New Rearrangement Gives Highly Substituted Aziridines

New Rearrangement Gives Highly Substituted Aziridines

Author: ChemistryViews

Synthesizing organic compounds with small, strained, highly substituted rings can be challenging.  Preparing a larger ring first, which is then contracted, could be a workaround for this problem. The quasi-Favorskii rearrangement is one such ring-contraction reaction. However, there had been no variant of this reaction for nitrogen-containing rings so far, e.g., for the preparation of aziridines, which are three-membered heterocycles with one nitrogen atom.

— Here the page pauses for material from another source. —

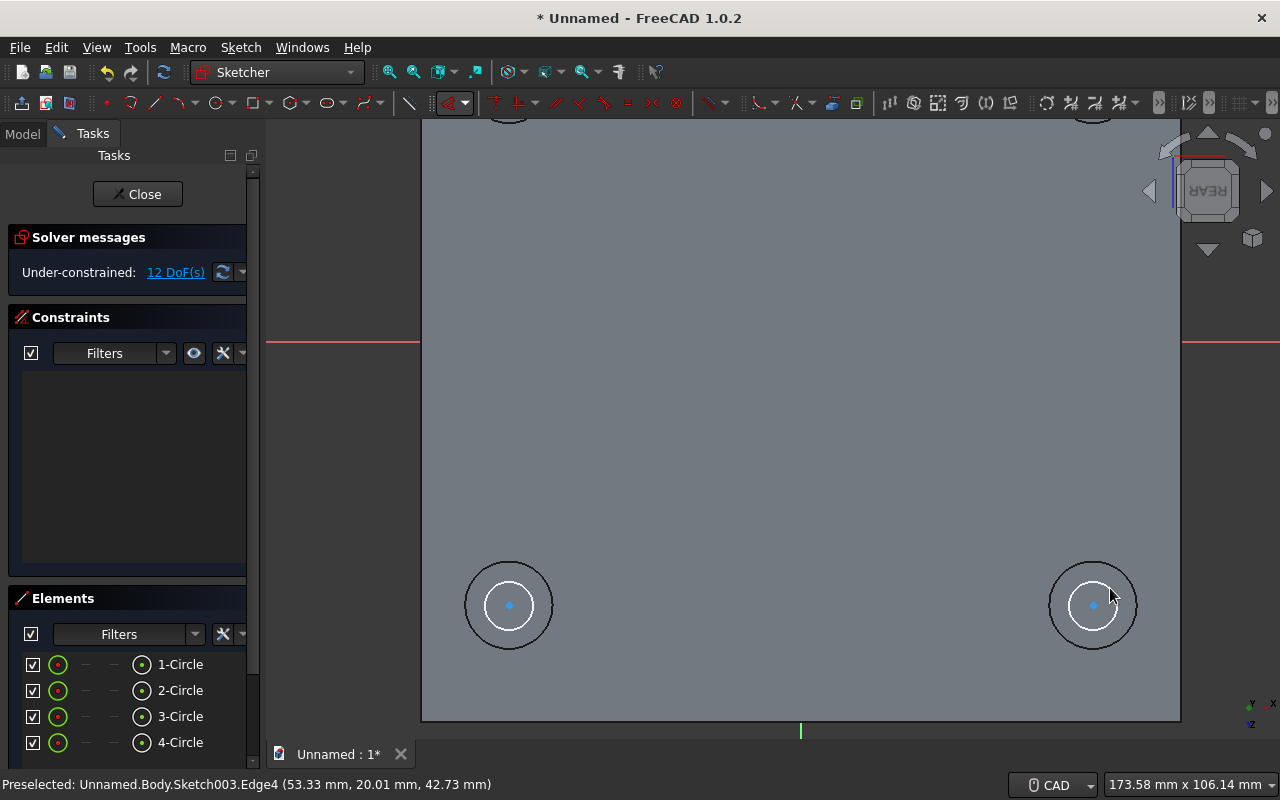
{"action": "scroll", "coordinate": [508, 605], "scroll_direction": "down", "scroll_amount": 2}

Juha H. Siitonen, Rice University, Houston, TX, USA,  and Aalto University, Espoo, Finland, Daniel H. Ess, Brigham Young University, Provo, UT, USA, László Kürti, Rice University, and colleagues have developed a nitrogen analogue of the quasi-Favorskii rearrangement, the aza-quasi-Favorskii rearrangement (overall reaction pictured below). Using this reaction allowed them to synthesize highly substituted aziridines (general structure pictured above).

The team started from a ketone as an enolate precursor, which reacts with a ketomalonate-derived N-electrophilic reagent in a Mannich reaction to give an β-aminoketone-type compound. This precursor then cyclizes to the corresponding anionic azetidine (a four-membered ring). The four-membered ring undergoes the desired aza-quasi-Favorskii rearrangement and gives substituted aziridines.

New Rearrangement Gives Highly Substituted Aziridines

The desired aziridine products were obtained in moderate to good yields in many cases. The reaction was also used to prepare strained (hetero)spirocyclic systems. The aziridines can be useful in further transformations.